(THE PROBLEM):
Please copy every line from the records below that contains the string "picture".

(Dataset records)
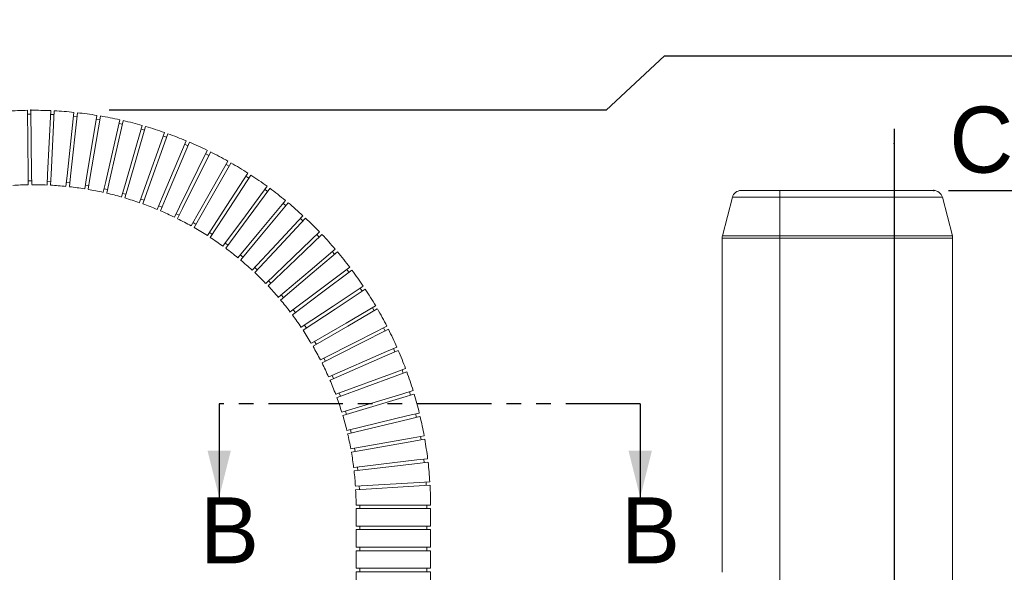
# Model space of a CAD drawing. Extents: x 13 to 426, y 7 to 274.
# Tile 24 of 29: x 197 to 281, y 147 to 195. Entities that reach past the tile are written whole.
import ezdxf

# ---------------------------------------------------------------- set-up
doc = ezdxf.new("R2010")
doc.units = 0
doc.header["$MEASUREMENT"] = 0
doc.header["$PDSIZE"] = -1
doc.linetypes.add('CENTERX2', pattern=[20.32, 12.7, -2.54, 2.54, -2.54])
doc.linetypes.add('PHANTOM', pattern=[12.7, 6.35, -1.27, 1.27, -1.27, 1.27, -1.27])
doc.styles.add('SLDTEXTSTYLE0', font='SIMPLEX', dxfattribs={"width": 0.75})
doc.dimstyles.new('SLDDIMSTYLE1', dxfattribs={"dimtxt": 4.233333, "dimasz": 3.9624, "dimexe": 3.175, "dimexo": 0.0625, "dimgap": 1.058333, "dimtad": 0, "dimtih": 1, "dimtoh": 1, "dimdec": 0, "dimlfac": 6.666667, "dimzin": 12, "dimdsep": 46, "dimtxsty": 'Standard', "dimblk1": 'NONE', "dimblk2": 'NONE', "dimsah": 1, "dimcen": 0.09, "dimclrd": 7, "dimclre": 7, "dimclrt": 7, "dimadec": 0, "dimazin": 0, "dimtfac": 1, "dimtdec": 4, "dimtofl": 0, "dimtmove": 0, "dimatfit": 3, "dimfxl": 1, "dimtolj": 1, "dimtzin": 12, "dimarcsym": 0})
doc.dimstyles.new('SLDDIMSTYLE2', dxfattribs={"dimtxt": 4.233333, "dimasz": 3.9624, "dimexe": 3.175, "dimexo": 0.0625, "dimgap": 1.058333, "dimtad": 0, "dimtih": 1, "dimtoh": 1, "dimdec": 0, "dimlfac": 6.666667, "dimzin": 12, "dimdsep": 46, "dimtxsty": 'Standard', "dimsah": 1, "dimcen": 0.09, "dimclrd": 7, "dimclre": 7, "dimclrt": 7, "dimadec": 0, "dimazin": 0, "dimtfac": 1, "dimtdec": 4, "dimtofl": 0, "dimtmove": 0, "dimatfit": 3, "dimfxl": 1, "dimtolj": 1, "dimtzin": 12, "dimarcsym": 0})

# ---------------------------------------------------------------- blocks, each defined once
blk = doc.blocks.new('*D3')
at = {"color": 7}
blk.add_line((276.151, 180.049), (302.356, 180.049), dxfattribs=at)
for p in [(274.881, 180.049), (302.356, 180.049)]:
    blk.add_point(p, dxfattribs=at)
at = {"color": 7, "insert": (303.944, 178.92), "char_height": 3.175, "attachment_point": 7, "style": 'SLDTEXTSTYLE0'}
blk.add_mtext('888', dxfattribs=at)
blk = doc.blocks.new('_NONE')
blk = doc.blocks.new('*D5')
at = {"color": 7}
for p, q in [((251.897, 191.557), (246.897, 186.908)), ((251.897, 191.557), (302.356, 191.557)), ((246.897, 186.908), (204.469, 186.908))]:
    blk.add_line(p, q, dxfattribs=at)
for p in [(302.356, 191.557), (197.783, 186.908)]:
    blk.add_point(p, dxfattribs=at)
at = {"color": 7, "insert": (303.944, 190.428), "char_height": 3.175, "attachment_point": 7, "style": 'SLDTEXTSTYLE0'}
blk.add_mtext('934', dxfattribs=at)
blk = doc.blocks.new('*D10')
at = {"color": 7}
for p, q in [((271.507, 185.324), (271.507, 131.515)), ((278.407, 122.744), (278.407, 131.515)), ((271.507, 128.34), (258.807, 128.34)), ((278.407, 128.34), (295.118, 128.34))]:
    blk.add_line(p, q, dxfattribs=at)
for p in [(271.507, 184.054), (278.407, 121.474)]:
    blk.add_point(p, dxfattribs=at)
for points in [[(271.507, 128.34), (267.545, 129), (267.545, 127.679)], [(278.407, 128.34), (282.37, 127.679), (282.37, 129)]]:
    blk.add_solid(points, dxfattribs=at)
at = {"color": 7, "insert": (296.706, 127.211), "char_height": 3.175, "attachment_point": 7, "style": 'SLDTEXTSTYLE0'}
blk.add_mtext('46', dxfattribs=at)

msp = doc.modelspace()

# ---------------------------------------------------------------- linework, layer by layer
at = {"color": 7, "linetype": 'Continuous', "lineweight": 15}
for p, q in [((197.539, 181.446), (197.483, 186.905)), ((197.783, 186.9), (197.839, 181.449)), ((199.205, 181.427), (199.469, 186.875)), ((199.768, 186.853), (199.504, 181.413)), ((200.868, 181.318), (201.449, 186.73)), ((201.747, 186.689), (201.167, 181.286)), ((197.787, 186.584), (197.487, 186.581)), ((199.753, 186.538), (199.453, 186.552)), ((201.713, 186.376), (201.415, 186.408)), ((202.522, 181.119), (203.415, 186.467)), ((203.71, 186.411), (202.818, 181.069)), ((203.658, 186.101), (203.362, 186.15)), ((204.167, 180.83), (205.365, 186.089)), ((205.656, 186.017), (204.46, 180.763)), ((205.587, 185.712), (205.294, 185.779)), ((205.794, 180.454), (207.287, 185.598)), ((207.574, 185.511), (206.082, 180.37)), ((207.487, 185.211), (207.199, 185.295)), ((207.404, 179.991), (209.18, 184.995)), ((207.687, 179.89), (209.463, 184.896)), ((208.988, 179.443), (211.032, 184.285)), ((209.357, 184.599), (209.075, 184.7)), ((209.264, 179.326), (211.311, 184.175)), ((210.467, 178.653), (212.842, 183.472)), ((213.109, 183.335), (210.736, 178.52)), ((211.187, 183.88), (210.91, 183.997)), ((212.971, 183.055), (212.702, 183.188)), ((212.892, 179.542), (214.601, 182.551)), ((214.859, 182.398), (213.155, 179.397)), ((214.705, 182.127), (214.444, 182.275)), ((197.539, 181.446), (197.548, 180.548)), ((197.544, 180.867), (197.844, 180.87)), ((197.839, 181.449), (197.848, 180.557)), ((199.205, 181.427), (199.161, 180.526)), ((199.176, 180.844), (199.476, 180.83)), ((199.504, 181.413), (199.461, 180.517)), ((200.868, 181.318), (200.771, 180.41)), ((201.167, 181.286), (201.07, 180.382)), ((202.522, 181.119), (202.369, 180.202)), ((202.818, 181.069), (202.666, 180.154)), ((204.167, 180.83), (203.956, 179.901)), ((214.512, 178.766), (216.299, 181.524)), ((214.766, 178.606), (216.555, 181.368)), ((216.381, 181.099), (216.129, 181.262)), ((200.805, 180.726), (201.103, 180.694)), ((202.421, 180.513), (202.717, 180.464)), ((204.025, 180.206), (204.318, 180.14)), ((204.46, 180.763), (204.248, 179.832)), ((205.519, 179.506), (205.794, 180.454)), ((206.082, 180.37), (205.806, 179.418)), ((207.059, 179.017), (207.404, 179.991)), ((216.095, 177.899), (217.941, 180.412)), ((218.183, 180.234), (216.339, 177.724)), ((217.993, 179.975), (217.751, 180.153)), ((258.424, 180.049), (261.745, 180.049)), ((261.745, 180.049), (271.495, 180.049)), ((271.495, 180.049), (274.881, 180.049)), ((205.606, 179.806), (205.895, 179.723)), ((207.164, 179.314), (207.447, 179.213)), ((207.687, 179.89), (207.339, 178.91)), ((208.564, 178.439), (208.988, 179.443)), ((209.264, 179.326), (208.838, 178.316)), ((211.467, 177.033), (212.892, 179.542)), ((213.155, 179.397), (211.727, 176.882)), ((217.236, 176.451), (219.513, 179.2)), ((257.686, 179.478), (256.833, 176.181)), ((261.742, 179.478), (257.686, 179.478)), ((261.742, 179.478), (261.739, 176.181)), ((271.492, 179.478), (261.742, 179.478)), ((271.492, 179.478), (271.488, 176.181)), ((275.618, 179.478), (271.492, 179.478)), ((276.471, 176.181), (275.618, 179.478)), ((208.688, 178.732), (208.964, 178.615)), ((210.037, 177.781), (210.467, 178.653)), ((210.736, 178.52), (210.305, 177.645)), ((212.848, 176.198), (214.512, 178.766)), ((214.766, 178.606), (213.097, 176.03)), ((219.738, 179.002), (217.47, 176.264)), ((219.537, 178.759), (219.306, 178.951)), ((210.176, 178.061), (210.445, 177.929)), ((216.095, 177.899), (214.177, 175.286)), ((216.339, 177.724), (214.423, 175.115)), ((218.747, 175.466), (221.003, 177.886)), ((218.971, 175.266), (221.228, 177.686)), ((221.01, 177.453), (220.79, 177.657)), ((211.622, 177.305), (211.883, 177.157)), ((213.021, 176.466), (213.273, 176.303)), ((217.236, 176.451), (215.457, 174.304)), ((217.47, 176.264), (215.691, 174.117)), ((220.209, 174.386), (222.429, 176.504)), ((222.632, 176.283), (220.419, 174.172)), ((222.402, 176.064), (222.195, 176.281)), ((256.809, 175.99), (256.809, 147.414)), ((261.739, 175.99), (256.809, 175.99)), ((256.833, 176.181), (261.739, 176.181)), ((261.739, 176.181), (271.488, 176.181)), ((261.739, 175.99), (261.739, 146.576)), ((271.488, 175.99), (261.739, 175.99)), ((271.488, 176.181), (276.471, 176.181)), ((271.488, 175.99), (271.488, 144.924)), ((276.495, 175.99), (271.488, 175.99)), ((276.495, 143.948), (276.495, 175.99)), ((214.368, 175.547), (214.61, 175.369)), ((216.677, 173.246), (218.747, 175.466)), ((218.971, 175.266), (216.891, 173.036)), ((221.612, 173.211), (223.755, 175.028)), ((215.66, 174.55), (215.891, 174.358)), ((220.209, 174.386), (217.828, 172.115)), ((220.419, 174.172), (218.041, 171.903)), ((221.81, 172.985), (223.952, 174.802)), ((223.71, 174.597), (223.516, 174.826)), ((216.893, 173.478), (217.112, 173.273)), ((222.398, 171.527), (225, 173.484)), ((222.582, 171.29), (225.187, 173.25)), ((224.93, 173.056), (224.749, 173.296)), ((218.917, 170.925), (221.612, 173.211)), ((221.81, 172.985), (219.104, 170.691)), ((218.06, 172.336), (218.267, 172.119)), ((223.59, 170.165), (226.161, 171.873)), ((226.324, 171.621), (223.759, 169.917)), ((226.059, 171.445), (225.893, 171.695)), ((219.157, 171.129), (219.351, 170.901)), ((219.926, 169.668), (222.398, 171.527)), ((222.582, 171.29), (220.105, 169.427)), ((220.182, 169.861), (220.363, 169.621)), ((223.59, 170.165), (220.865, 168.355)), ((223.759, 169.917), (221.038, 168.109)), ((224.698, 168.723), (227.214, 170.189)), ((227.361, 169.928), (224.852, 168.465)), ((227.091, 169.771), (226.94, 170.03)), ((221.132, 168.533), (221.298, 168.283)), ((221.733, 166.994), (224.698, 168.723)), ((224.852, 168.465), (221.88, 166.733)), ((225.712, 167.205), (228.166, 168.45)), ((225.851, 166.939), (228.308, 168.185)), ((228.023, 168.041), (227.888, 168.308)), ((222.003, 167.152), (222.154, 166.892)), ((222.507, 165.579), (225.712, 167.205)), ((225.851, 166.939), (222.637, 165.309)), ((228.142, 166.275), (229.022, 166.658)), ((228.853, 166.258), (228.733, 166.533)), ((222.791, 165.723), (222.926, 165.456)), ((223.207, 164.125), (228.142, 166.275)), ((228.262, 166), (223.321, 163.848)), ((229.139, 166.382), (228.262, 166)), ((228.789, 164.462), (229.775, 164.824)), ((223.494, 164.25), (223.614, 163.975)), ((228.789, 164.462), (223.812, 162.631)), ((228.893, 164.18), (223.918, 162.351)), ((229.872, 164.54), (228.893, 164.18)), ((229.577, 164.432), (229.473, 164.713)), ((224.109, 162.741), (224.213, 162.459)), ((224.337, 161.104), (229.453, 162.652)), ((229.539, 162.365), (224.42, 160.816)), ((229.453, 162.652), (230.41, 162.942)), ((230.492, 162.653), (229.539, 162.365)), ((230.193, 162.563), (230.106, 162.85)), ((224.636, 161.195), (224.723, 160.908)), ((224.766, 159.55), (230, 160.805)), ((230, 160.805), (230.935, 161.029)), ((231.002, 160.737), (230.07, 160.513)), ((230.699, 160.664), (230.629, 160.956)), ((230.07, 160.513), (224.831, 159.257)), ((225.071, 159.623), (225.141, 159.331)), ((230.431, 158.923), (231.348, 159.087)), ((231.093, 158.737), (231.04, 159.032)), ((225.104, 157.971), (230.431, 158.923)), ((230.484, 158.628), (225.15, 157.675)), ((230.484, 158.628), (231.402, 158.792)), ((225.414, 158.027), (225.467, 157.731)), ((225.349, 156.376), (230.743, 157.017)), ((230.778, 156.72), (225.376, 156.077)), ((225.663, 156.413), (225.698, 156.115)), ((230.743, 157.017), (231.648, 157.125)), ((230.778, 156.72), (231.688, 156.828)), ((231.373, 156.79), (231.338, 157.088)), ((225.501, 154.771), (230.935, 155.097)), ((230.945, 154.797), (225.511, 154.471)), ((225.817, 154.79), (225.835, 154.49)), ((230.935, 155.097), (231.833, 155.15)), ((230.945, 154.797), (231.856, 154.851)), ((231.539, 154.832), (231.521, 155.132)), ((225.561, 153.157), (230.978, 153.164)), ((225.875, 153.157), (225.876, 152.857)), ((230.978, 153.164), (231.904, 153.165)), ((231.591, 152.865), (231.59, 153.165)), ((231.914, 152.865), (225.552, 152.857)), ((225.552, 152.857), (225.552, 151.364)), ((231.914, 151.364), (231.914, 152.865)), ((225.552, 151.364), (231.914, 151.364)), ((225.876, 151.364), (225.876, 151.064)), ((231.591, 151.064), (231.591, 151.364)), ((225.552, 151.064), (225.552, 149.564)), ((231.914, 151.064), (225.552, 151.064)), ((231.914, 149.564), (231.914, 151.064)), ((225.552, 149.564), (231.914, 149.564)), ((225.552, 149.264), (225.552, 147.764)), ((231.914, 149.264), (225.552, 149.264)), ((225.876, 149.564), (225.876, 149.264)), ((231.591, 149.264), (231.591, 149.564)), ((231.914, 147.764), (231.914, 149.264)), ((225.552, 147.764), (231.914, 147.764)), ((225.552, 147.464), (225.552, 145.965)), ((231.914, 147.464), (225.552, 147.464)), ((225.876, 147.764), (225.876, 147.464)), ((231.591, 147.464), (231.591, 147.764)), ((231.914, 145.965), (231.914, 147.464))]:
    msp.add_line(p, q, dxfattribs=at)
at = {"color": 5, "linetype": 'CENTERX2', "lineweight": 0}
msp.add_line((271.507, 184.054), (271.507, 69.591), dxfattribs=at)
at = {"color": 7, "linetype": 'PHANTOM'}
msp.add_line((249.812, 161.822), (213.855, 161.822), dxfattribs=at)
at = {"color": 7, "linetype": 'Continuous'}
for p, q in [((213.855, 161.822), (213.855, 153.822)), ((249.812, 161.822), (249.812, 153.822))]:
    msp.add_line(p, q, dxfattribs=at)
at = {"color": 7, "linetype": 'Continuous', "lineweight": 15, "flags": 128}
for points in [[(261.745, 180.049), (261.744, 180.039), (261.744, 180.008), (261.743, 179.958), (261.743, 179.89), (261.743, 179.805), (261.742, 179.707), (261.742, 179.596), (261.742, 179.478)], [(271.492, 179.478), (271.492, 179.596), (271.492, 179.707), (271.493, 179.805), (271.493, 179.89), (271.493, 179.958), (271.494, 180.008), (271.494, 180.039), (271.495, 180.049)], [(261.739, 176.181), (261.739, 176.157), (261.739, 176.134), (261.739, 176.11), (261.739, 176.086), (261.739, 176.062), (261.739, 176.038), (261.739, 176.014), (261.739, 175.99)], [(271.488, 175.99), (271.488, 176.014), (271.488, 176.038), (271.488, 176.062), (271.488, 176.086), (271.488, 176.11), (271.488, 176.134), (271.488, 176.157), (271.488, 176.181)]]:
    msp.add_lwpolyline(points, dxfattribs=at)
at = {"color": 7, "linetype": 'Continuous', "lineweight": 15}
for centre, radius, start, end in [((197.976, 152.97), 33.938, 90.83214, 93.6768), ((197.976, 152.97), 33.938, 87.48, 90.3261), ((197.976, 152.97), 33.938, 84.12675, 86.97356), ((197.976, 152.97), 33.938, 80.77755, 83.62004), ((197.976, 152.97), 33.938, 77.42357, 80.27079), ((197.976, 152.97), 33.938, 74.07366, 76.91749), ((197.976, 152.97), 33.938, 70.71879, 73.56714), ((197.976, 152.97), 33.938, 67.36771, 70.2122), ((197.976, 152.97), 33.938, 64.01645, 66.86143), ((197.976, 152.97), 33.938, 60.66416, 63.51027), ((197.976, 152.97), 33.938, 57.31247, 60.15763), ((197.976, 152.97), 33.938, 53.96254, 56.80595), ((197.976, 152.97), 27.575, 90.88966, 93.61937), ((197.976, 152.97), 27.575, 87.53842, 90.26641), ((197.976, 152.97), 27.575, 84.18584, 86.91489), ((197.976, 152.97), 27.575, 80.83484, 83.56249), ((197.976, 152.97), 27.575, 77.48184, 80.21175), ((197.976, 152.97), 33.938, 50.61145, 53.45648), ((258.424, 179.287), 0.762, 90, 165.5), ((274.881, 179.287), 0.762, 14.5, 90), ((197.976, 152.97), 27.575, 74.13288, 76.85835), ((197.976, 152.97), 27.575, 70.77621, 73.50929), ((197.976, 152.97), 27.575, 67.42651, 70.15358), ((197.976, 152.97), 27.575, 64.07564, 66.80303), ((197.976, 152.97), 33.938, 47.2558, 50.10529), ((197.976, 152.97), 27.575, 60.72142, 63.45209), ((197.976, 152.97), 33.938, 43.90358, 46.74919), ((197.976, 152.97), 27.575, 57.37081, 60.09857), ((197.976, 152.97), 27.575, 54.02192, 56.74732), ((197.976, 152.97), 33.938, 40.55231, 43.39699), ((257.571, 175.99), 0.762, 165.5, 180), ((275.733, 175.99), 0.762, 0, 14.5), ((197.976, 152.97), 27.575, 50.66896, 53.39874), ((197.976, 152.97), 27.575, 47.31397, 50.0458), ((197.976, 152.97), 33.938, 37.20324, 40.046), ((197.976, 152.97), 33.938, 33.84878, 36.69662), ((197.976, 152.97), 27.575, 43.96259, 46.69053), ((197.976, 152.97), 27.575, 40.61039, 43.33928), ((197.976, 152.97), 33.938, 30.49588, 33.34217), ((197.976, 152.97), 27.575, 37.26128, 39.98804), ((197.976, 152.97), 33.938, 27.14665, 29.98922), ((197.976, 152.97), 27.575, 33.9078, 36.63772), ((197.976, 152.97), 33.938, 23.79283, 26.639), ((197.976, 152.97), 27.575, 30.55311, 33.28451), ((197.976, 152.97), 27.575, 27.2041, 29.93168), ((197.976, 152.97), 33.938, 20.44461, 23.28645), ((197.976, 152.97), 27.575, 23.85187, 26.58065), ((197.976, 152.97), 33.938, 17.09012, 19.93803), ((197.976, 152.97), 27.575, 20.50184, 23.22822), ((197.976, 152.97), 27.575, 17.14815, 19.88073), ((197.976, 152.97), 33.938, 13.74055, 16.58345), ((197.976, 152.97), 27.575, 13.7992, 16.52474), ((197.976, 152.97), 33.938, 10.38737, 13.23297), ((197.976, 152.97), 27.575, 10.4446, 13.17555), ((197.976, 152.97), 33.938, 7.03432, 9.88091), ((197.976, 152.97), 27.575, 7.09234, 9.82266), ((197.976, 152.97), 33.938, 3.68426, 6.52771), ((197.976, 152.97), 27.575, 3.74301, 6.46907), ((197.976, 152.97), 33.938, 0.32928, 3.17777), ((197.976, 152.97), 27.575, 0.38627, 3.11928)]:
    msp.add_arc(centre, radius, start, end, dxfattribs=at)
at = {"color": 7, "linetype": 'Continuous'}
for points in [[(213.855, 153.822), (214.855, 157.822), (212.855, 157.822)], [(249.812, 153.822), (250.812, 157.822), (248.812, 157.822)]]:
    msp.add_solid(points, dxfattribs=at)

# ---------------------------------------------------------------- texts
at = {"color": 7, "char_height": 5.644, "attachment_point": 1}
for s, insert in [('C', (276.218, 187.219)), ('B', (212.218, 153.822)), ('B', (248.175, 153.822))]:
    msp.add_mtext(s, dxfattribs=dict(at, insert=insert))

# ---------------------------------------------------------------- dimensions: what is measured, and where the dimension line sits
for feature_location, offset, picture, middle in [((197.783, 186.908), (104.573, 4.649), '*D5', (302.356, 191.557)), ((274.881, 180.049), (27.476, 0), '*D3', (302.356, 180.049))]:
    dim = msp.add_ordinate_dim(feature_location=feature_location, offset=offset, dtype=0, origin=(197.031, 46.791), dimstyle='SLDDIMSTYLE1')
    dim.commit()
    dim.dimension.update_dxf_attribs({"geometry": picture, "text_midpoint": middle})
at = {"color": 7}
dim = msp.add_linear_dim(base=(278.407, 128.34), p1=(271.507, 184.054), p2=(278.407, 121.474), dimstyle='SLDDIMSTYLE2', dxfattribs=at)
dim.commit()
dim.dimension.update_dxf_attribs({"geometry": '*D10', "text_midpoint": (299.051, 128.34), "dimtype": 160})

doc.saveas('drawing.dxf')

(RESULT OF THIS EXERCISE):
for feature_location, offset, picture, middle in [((197.783, 186.908), (104.573, 4.649), '*D5', (302.356, 191.557)), ((274.881, 180.049), (27.476, 0), '*D3', (302.356, 180.049))]:
    dim.dimension.update_dxf_attribs({"geometry": picture, "text_midpoint": middle})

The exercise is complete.